Each slice of grapefruit you add to your salad acts like a match to spark your body’s fat-burning ability. A study published in the journal Metabolism found that those who ate grapefruit for six weeks lost a full inch off their waistlines. What’s behind the belt-tightening effect? The fruit is rich in phytochemicals, bioactive compounds that recent research shows stimulate the production of a hormone called adiponectin, which is involved in the breakdown of body fat. Japanese research suggests the smell of the juicy fruit can “turn on” calorie-burning brown fat cells, promoting the breakdown of body fat while reducing appetite.
This Asian veggie dish is made by fermenting a blend of cabbage, radishes, and scallions with a seasoned paste of red pepper, salted shrimp, or kelp (koji) powder. Fermented foods are great for healing your gut thanks to the high levels of probiotics, but the unique strains found in kimchi may also help you stay slim: Researchers at Kyung Hee University in Korea induced obesity in lab rats by feeding them a high-fat diet. The group that got a Lactobacillus brevis supplement— the culture strain found in kimchi—was able to suppress the diet-induced increase in weight gain by 28 percent! If kimchi isn’t your thing, also consider adding one of these probiotic foods for a healthier gut to your diet.
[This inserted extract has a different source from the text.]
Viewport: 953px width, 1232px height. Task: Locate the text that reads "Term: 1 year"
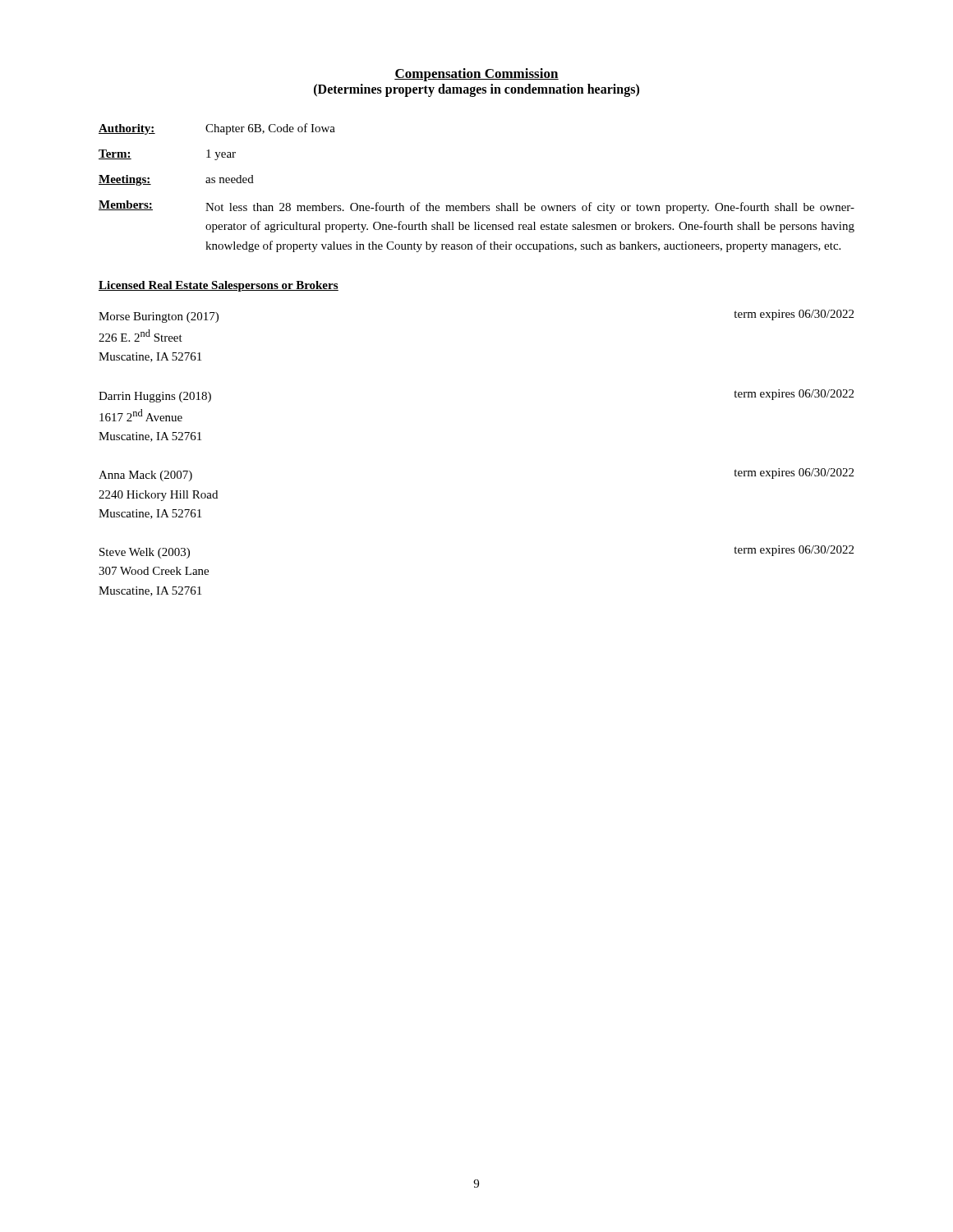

Don’t buy your tickets to Bonnaroo just yet; the kind of acid that will help you slim down is the stuff right inside your cabinet. A 12-week study published in Bioscience, Biotechnology, and Biochemistry reveals that obese study subjects who made vinegar part of their diet dropped more belly fat than a control group, and other research suggests that acidic foods, like vinegar, can increase the human carbohydrate metabolism by as much as 40 percent.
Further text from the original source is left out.